Excerpts from a dataset
::::::::::

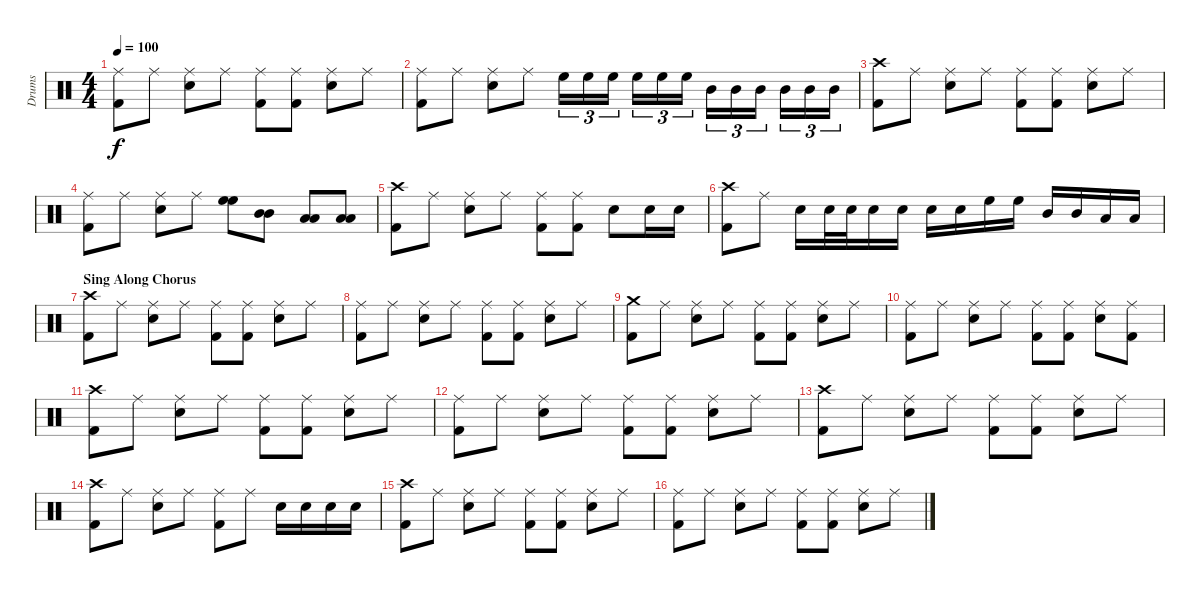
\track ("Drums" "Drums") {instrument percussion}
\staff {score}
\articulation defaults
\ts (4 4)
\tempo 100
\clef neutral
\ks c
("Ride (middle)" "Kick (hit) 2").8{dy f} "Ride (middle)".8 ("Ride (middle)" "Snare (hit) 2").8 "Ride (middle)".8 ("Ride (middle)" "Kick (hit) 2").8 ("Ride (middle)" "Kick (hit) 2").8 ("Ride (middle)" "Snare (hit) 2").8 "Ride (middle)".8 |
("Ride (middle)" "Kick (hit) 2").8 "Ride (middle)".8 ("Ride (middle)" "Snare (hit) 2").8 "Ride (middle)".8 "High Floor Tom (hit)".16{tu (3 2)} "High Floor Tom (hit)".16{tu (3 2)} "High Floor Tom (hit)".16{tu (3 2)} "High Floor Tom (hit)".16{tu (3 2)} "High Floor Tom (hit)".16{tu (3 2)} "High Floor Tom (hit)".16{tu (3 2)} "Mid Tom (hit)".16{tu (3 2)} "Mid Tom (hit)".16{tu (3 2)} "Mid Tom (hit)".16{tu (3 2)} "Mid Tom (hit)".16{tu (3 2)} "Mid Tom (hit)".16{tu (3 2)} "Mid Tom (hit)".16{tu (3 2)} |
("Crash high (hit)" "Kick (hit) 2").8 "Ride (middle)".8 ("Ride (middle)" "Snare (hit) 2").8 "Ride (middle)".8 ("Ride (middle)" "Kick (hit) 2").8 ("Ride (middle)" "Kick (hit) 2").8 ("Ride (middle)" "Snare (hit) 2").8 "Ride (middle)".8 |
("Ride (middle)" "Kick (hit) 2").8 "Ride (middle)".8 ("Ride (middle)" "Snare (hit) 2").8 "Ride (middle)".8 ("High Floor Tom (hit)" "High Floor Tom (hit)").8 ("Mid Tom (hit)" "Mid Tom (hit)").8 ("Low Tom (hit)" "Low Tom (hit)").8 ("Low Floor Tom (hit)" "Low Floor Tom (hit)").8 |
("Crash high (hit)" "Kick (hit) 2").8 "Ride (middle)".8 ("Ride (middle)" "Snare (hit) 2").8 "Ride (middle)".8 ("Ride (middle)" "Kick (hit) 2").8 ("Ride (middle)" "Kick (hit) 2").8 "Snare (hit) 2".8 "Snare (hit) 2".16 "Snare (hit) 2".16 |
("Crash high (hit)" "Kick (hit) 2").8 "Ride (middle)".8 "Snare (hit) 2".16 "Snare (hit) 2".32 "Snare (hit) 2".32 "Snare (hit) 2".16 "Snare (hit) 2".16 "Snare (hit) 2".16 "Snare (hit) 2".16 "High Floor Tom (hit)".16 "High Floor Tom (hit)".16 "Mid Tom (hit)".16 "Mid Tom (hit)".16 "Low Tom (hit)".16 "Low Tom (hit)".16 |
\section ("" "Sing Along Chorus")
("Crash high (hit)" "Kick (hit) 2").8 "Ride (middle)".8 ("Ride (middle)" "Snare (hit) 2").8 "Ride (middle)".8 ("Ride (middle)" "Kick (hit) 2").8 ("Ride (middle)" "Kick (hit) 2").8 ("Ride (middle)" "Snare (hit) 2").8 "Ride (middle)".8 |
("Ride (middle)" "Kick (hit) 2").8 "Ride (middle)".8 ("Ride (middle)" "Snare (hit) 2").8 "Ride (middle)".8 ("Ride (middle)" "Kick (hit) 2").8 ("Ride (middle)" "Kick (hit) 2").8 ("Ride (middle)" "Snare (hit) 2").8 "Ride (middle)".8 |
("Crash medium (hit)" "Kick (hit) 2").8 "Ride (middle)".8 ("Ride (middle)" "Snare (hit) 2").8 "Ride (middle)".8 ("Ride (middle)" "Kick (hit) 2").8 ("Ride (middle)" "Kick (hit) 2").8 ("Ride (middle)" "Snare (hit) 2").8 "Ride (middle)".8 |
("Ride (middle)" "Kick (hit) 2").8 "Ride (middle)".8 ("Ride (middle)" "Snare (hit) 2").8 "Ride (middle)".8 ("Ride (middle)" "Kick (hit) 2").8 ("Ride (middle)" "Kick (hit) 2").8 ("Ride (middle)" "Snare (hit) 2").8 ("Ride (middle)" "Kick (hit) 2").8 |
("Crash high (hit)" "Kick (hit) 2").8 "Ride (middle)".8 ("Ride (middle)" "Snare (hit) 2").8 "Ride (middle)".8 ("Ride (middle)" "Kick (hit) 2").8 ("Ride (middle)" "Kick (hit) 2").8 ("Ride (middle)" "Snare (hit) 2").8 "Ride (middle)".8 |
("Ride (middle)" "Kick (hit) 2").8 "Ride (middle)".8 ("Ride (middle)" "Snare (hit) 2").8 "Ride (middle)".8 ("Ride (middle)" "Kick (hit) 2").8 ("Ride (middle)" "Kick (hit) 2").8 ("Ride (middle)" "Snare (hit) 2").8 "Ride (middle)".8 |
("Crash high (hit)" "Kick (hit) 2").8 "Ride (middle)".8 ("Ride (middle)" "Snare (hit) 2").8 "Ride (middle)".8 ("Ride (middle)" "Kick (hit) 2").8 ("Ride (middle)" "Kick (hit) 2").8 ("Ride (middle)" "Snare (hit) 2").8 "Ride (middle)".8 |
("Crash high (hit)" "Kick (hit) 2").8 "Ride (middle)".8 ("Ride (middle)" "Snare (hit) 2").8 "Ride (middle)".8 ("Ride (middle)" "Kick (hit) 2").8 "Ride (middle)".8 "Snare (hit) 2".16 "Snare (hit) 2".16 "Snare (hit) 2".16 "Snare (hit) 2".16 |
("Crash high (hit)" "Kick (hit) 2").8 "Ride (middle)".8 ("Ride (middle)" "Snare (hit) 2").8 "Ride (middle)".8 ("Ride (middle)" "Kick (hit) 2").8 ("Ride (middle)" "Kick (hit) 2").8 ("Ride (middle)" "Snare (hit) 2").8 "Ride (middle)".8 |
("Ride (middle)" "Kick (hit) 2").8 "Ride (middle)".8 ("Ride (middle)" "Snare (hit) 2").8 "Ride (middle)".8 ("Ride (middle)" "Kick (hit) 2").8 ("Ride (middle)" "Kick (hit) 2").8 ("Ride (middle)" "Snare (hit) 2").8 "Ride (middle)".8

::::::::::

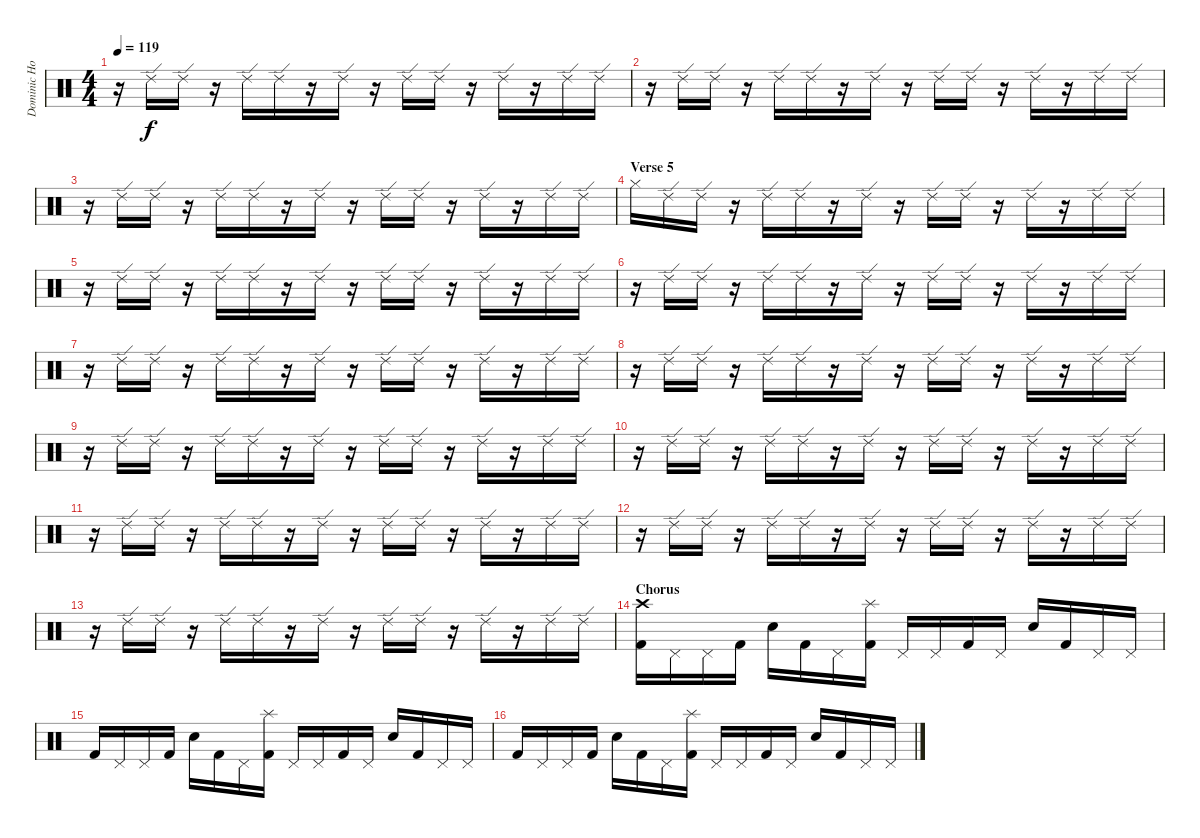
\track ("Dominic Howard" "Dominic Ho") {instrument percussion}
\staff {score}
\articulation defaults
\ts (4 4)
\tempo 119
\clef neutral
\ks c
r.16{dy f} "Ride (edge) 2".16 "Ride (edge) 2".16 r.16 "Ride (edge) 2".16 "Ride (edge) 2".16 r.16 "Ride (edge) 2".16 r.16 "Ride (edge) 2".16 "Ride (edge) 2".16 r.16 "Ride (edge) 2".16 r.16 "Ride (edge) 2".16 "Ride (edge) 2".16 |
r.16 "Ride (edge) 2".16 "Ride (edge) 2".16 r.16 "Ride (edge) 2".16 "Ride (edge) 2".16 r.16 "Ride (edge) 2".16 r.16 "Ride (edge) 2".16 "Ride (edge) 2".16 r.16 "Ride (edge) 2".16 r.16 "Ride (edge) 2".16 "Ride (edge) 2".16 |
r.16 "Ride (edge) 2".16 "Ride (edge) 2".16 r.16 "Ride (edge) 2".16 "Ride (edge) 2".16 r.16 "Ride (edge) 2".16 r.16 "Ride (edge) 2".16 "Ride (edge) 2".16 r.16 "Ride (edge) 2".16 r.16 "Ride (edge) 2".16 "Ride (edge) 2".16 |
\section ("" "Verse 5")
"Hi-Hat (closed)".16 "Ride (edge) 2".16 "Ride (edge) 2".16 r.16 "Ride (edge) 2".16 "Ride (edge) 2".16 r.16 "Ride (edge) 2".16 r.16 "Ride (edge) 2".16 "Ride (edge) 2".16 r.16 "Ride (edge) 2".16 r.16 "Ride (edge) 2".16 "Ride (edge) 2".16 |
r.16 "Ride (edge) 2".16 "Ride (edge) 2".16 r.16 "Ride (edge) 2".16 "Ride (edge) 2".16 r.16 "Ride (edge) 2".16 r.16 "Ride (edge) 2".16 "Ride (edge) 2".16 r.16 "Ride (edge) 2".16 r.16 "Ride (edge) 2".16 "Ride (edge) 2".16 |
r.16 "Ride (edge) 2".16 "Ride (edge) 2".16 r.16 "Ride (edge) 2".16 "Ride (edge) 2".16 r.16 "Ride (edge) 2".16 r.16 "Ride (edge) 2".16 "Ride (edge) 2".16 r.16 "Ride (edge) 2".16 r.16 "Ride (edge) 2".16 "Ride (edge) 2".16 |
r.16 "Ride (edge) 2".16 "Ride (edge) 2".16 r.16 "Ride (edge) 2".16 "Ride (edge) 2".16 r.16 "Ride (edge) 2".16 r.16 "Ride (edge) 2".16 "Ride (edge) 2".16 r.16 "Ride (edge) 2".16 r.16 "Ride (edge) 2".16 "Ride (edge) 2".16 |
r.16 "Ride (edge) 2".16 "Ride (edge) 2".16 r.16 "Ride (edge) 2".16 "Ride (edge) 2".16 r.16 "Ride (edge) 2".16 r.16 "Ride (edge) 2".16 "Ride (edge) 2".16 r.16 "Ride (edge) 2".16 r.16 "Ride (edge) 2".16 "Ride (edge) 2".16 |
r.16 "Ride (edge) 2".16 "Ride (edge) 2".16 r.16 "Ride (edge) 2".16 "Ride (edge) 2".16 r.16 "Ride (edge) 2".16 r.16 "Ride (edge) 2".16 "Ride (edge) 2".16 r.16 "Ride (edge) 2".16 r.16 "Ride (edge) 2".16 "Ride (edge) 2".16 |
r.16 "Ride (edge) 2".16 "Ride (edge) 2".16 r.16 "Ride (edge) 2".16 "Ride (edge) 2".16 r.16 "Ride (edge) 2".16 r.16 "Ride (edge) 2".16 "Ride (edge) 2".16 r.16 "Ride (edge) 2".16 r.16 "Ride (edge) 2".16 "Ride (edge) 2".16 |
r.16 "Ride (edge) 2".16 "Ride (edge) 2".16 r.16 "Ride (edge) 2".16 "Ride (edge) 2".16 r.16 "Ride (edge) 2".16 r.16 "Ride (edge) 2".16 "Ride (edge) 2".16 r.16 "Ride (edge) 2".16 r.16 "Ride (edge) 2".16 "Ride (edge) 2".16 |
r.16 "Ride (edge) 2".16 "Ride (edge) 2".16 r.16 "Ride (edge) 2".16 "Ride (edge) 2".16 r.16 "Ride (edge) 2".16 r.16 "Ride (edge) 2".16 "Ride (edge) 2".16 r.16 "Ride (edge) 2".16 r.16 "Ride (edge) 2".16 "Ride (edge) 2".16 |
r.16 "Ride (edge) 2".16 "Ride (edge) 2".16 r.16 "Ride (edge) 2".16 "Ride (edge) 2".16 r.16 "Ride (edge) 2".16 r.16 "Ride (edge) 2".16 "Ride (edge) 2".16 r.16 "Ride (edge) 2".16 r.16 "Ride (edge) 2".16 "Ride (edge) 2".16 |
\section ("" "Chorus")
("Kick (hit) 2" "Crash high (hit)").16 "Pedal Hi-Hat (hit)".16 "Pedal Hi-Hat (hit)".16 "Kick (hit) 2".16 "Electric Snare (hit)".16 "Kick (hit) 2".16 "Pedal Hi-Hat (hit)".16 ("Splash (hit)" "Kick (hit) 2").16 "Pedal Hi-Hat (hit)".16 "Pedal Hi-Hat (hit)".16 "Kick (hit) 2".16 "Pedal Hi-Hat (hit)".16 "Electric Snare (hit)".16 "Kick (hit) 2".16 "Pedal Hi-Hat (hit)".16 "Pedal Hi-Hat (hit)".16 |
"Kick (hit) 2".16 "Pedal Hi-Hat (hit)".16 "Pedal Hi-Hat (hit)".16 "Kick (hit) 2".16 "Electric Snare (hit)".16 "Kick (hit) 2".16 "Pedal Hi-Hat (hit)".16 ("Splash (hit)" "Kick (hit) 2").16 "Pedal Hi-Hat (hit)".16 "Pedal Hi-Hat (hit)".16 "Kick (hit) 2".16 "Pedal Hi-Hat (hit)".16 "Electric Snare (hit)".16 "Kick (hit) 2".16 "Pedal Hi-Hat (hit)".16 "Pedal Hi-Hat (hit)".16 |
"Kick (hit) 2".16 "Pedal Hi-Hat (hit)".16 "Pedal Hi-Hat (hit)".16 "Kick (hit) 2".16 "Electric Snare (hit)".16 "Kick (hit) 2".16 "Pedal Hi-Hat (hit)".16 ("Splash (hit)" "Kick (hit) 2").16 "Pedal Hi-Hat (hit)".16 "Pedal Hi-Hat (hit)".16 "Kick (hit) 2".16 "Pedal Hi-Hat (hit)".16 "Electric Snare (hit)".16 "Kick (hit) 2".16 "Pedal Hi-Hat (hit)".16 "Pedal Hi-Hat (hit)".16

::::::::::

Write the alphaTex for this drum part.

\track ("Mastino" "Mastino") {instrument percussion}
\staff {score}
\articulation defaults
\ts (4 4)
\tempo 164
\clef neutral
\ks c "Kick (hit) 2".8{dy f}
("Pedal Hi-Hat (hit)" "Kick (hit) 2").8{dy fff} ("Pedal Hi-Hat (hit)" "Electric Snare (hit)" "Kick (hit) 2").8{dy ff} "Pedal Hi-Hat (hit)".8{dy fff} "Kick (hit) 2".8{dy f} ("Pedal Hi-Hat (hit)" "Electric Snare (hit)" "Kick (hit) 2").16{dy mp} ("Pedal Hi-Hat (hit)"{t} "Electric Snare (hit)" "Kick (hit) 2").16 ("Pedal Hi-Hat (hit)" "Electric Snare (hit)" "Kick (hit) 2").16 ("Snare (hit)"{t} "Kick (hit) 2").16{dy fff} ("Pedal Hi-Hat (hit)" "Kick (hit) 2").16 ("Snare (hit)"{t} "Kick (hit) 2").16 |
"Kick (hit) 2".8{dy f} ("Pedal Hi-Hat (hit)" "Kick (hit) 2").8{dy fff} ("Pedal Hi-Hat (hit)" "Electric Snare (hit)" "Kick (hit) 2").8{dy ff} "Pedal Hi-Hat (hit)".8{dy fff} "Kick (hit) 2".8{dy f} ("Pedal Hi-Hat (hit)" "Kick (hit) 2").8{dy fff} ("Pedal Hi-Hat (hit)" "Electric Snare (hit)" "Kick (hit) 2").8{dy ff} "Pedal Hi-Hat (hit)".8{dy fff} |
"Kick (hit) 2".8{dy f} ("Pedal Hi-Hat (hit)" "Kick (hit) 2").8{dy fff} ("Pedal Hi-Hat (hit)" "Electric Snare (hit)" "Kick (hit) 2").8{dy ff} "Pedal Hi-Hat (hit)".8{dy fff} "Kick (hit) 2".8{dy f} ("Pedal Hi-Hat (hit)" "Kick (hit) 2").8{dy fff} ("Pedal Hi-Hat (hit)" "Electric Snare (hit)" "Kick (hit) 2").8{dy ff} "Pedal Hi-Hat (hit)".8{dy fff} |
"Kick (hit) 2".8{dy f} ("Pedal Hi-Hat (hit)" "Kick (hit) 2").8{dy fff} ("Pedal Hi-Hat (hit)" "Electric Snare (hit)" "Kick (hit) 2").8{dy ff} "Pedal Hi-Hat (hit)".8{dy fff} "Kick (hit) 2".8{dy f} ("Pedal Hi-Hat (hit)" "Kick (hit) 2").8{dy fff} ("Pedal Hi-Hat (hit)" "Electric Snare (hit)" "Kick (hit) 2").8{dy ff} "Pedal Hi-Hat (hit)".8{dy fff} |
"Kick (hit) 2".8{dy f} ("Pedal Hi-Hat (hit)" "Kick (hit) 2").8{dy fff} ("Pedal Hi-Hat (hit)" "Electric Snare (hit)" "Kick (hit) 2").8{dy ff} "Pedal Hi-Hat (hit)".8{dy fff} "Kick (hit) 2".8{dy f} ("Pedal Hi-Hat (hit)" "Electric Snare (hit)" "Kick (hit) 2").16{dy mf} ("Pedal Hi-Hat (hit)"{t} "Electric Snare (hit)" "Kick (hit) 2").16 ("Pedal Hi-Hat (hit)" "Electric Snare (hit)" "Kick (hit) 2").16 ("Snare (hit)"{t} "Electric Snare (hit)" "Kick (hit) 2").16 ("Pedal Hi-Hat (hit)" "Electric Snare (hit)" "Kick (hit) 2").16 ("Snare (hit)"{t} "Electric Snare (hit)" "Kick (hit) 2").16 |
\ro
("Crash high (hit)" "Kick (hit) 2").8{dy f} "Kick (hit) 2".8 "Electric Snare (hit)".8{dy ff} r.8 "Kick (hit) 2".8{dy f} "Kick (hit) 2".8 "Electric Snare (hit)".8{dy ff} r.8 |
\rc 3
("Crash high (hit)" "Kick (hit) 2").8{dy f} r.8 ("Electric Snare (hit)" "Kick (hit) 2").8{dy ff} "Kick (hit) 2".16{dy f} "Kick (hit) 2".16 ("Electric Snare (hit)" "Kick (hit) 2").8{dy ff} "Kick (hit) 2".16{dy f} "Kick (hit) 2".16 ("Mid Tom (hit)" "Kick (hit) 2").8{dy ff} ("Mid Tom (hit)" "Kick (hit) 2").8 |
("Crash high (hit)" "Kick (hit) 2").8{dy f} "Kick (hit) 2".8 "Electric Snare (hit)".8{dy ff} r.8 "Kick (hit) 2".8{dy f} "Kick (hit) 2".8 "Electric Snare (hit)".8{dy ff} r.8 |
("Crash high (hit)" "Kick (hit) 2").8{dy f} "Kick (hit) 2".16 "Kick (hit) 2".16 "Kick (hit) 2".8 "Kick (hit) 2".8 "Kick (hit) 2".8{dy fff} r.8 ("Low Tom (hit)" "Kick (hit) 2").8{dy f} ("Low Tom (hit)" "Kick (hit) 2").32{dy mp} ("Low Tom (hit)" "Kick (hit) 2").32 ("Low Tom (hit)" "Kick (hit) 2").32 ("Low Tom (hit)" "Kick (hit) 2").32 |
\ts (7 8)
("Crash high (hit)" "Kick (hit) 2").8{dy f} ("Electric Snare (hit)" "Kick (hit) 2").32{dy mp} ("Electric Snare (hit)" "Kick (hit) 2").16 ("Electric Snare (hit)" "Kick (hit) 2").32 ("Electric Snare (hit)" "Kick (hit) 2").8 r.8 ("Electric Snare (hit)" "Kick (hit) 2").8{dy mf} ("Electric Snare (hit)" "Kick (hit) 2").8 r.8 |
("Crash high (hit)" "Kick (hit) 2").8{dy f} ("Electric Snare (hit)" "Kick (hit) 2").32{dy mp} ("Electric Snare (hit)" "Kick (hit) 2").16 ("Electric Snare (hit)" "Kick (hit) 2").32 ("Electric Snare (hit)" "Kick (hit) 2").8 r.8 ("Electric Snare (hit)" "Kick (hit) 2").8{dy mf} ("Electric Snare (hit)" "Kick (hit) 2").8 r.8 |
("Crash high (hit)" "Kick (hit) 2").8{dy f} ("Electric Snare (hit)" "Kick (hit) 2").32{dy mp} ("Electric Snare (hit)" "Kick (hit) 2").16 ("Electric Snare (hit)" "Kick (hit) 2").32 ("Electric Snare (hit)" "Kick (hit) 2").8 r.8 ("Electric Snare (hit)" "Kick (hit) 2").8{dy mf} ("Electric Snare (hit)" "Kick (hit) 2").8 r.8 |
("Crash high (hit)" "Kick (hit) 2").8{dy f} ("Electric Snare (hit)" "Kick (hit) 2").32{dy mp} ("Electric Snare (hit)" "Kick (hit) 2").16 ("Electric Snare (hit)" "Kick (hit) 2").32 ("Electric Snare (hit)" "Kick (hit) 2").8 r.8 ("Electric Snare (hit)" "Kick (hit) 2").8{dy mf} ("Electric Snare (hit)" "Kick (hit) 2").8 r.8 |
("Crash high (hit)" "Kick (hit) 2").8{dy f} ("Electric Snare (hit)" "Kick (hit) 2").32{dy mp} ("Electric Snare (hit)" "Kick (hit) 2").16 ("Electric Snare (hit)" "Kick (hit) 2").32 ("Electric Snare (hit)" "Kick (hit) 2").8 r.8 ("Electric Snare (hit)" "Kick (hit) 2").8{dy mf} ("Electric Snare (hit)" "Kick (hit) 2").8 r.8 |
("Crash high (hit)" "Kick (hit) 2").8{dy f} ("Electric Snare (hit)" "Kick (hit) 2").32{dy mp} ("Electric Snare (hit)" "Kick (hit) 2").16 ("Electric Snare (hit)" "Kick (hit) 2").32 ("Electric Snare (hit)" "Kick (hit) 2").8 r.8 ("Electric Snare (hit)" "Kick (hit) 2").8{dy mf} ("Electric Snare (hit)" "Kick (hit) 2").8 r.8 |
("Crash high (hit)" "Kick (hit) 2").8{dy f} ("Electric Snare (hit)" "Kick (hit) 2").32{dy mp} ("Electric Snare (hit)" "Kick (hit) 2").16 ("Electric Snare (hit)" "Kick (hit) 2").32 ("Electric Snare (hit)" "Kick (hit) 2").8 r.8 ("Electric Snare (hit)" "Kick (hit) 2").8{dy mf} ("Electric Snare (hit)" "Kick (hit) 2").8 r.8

::::::::::

:: Problem ::
Only lines with the word "Chorus" go in the answer. Take them all from the entries above.

:: Problem solution ::
\section ("" "Sing Along Chorus")
\section ("" "Chorus")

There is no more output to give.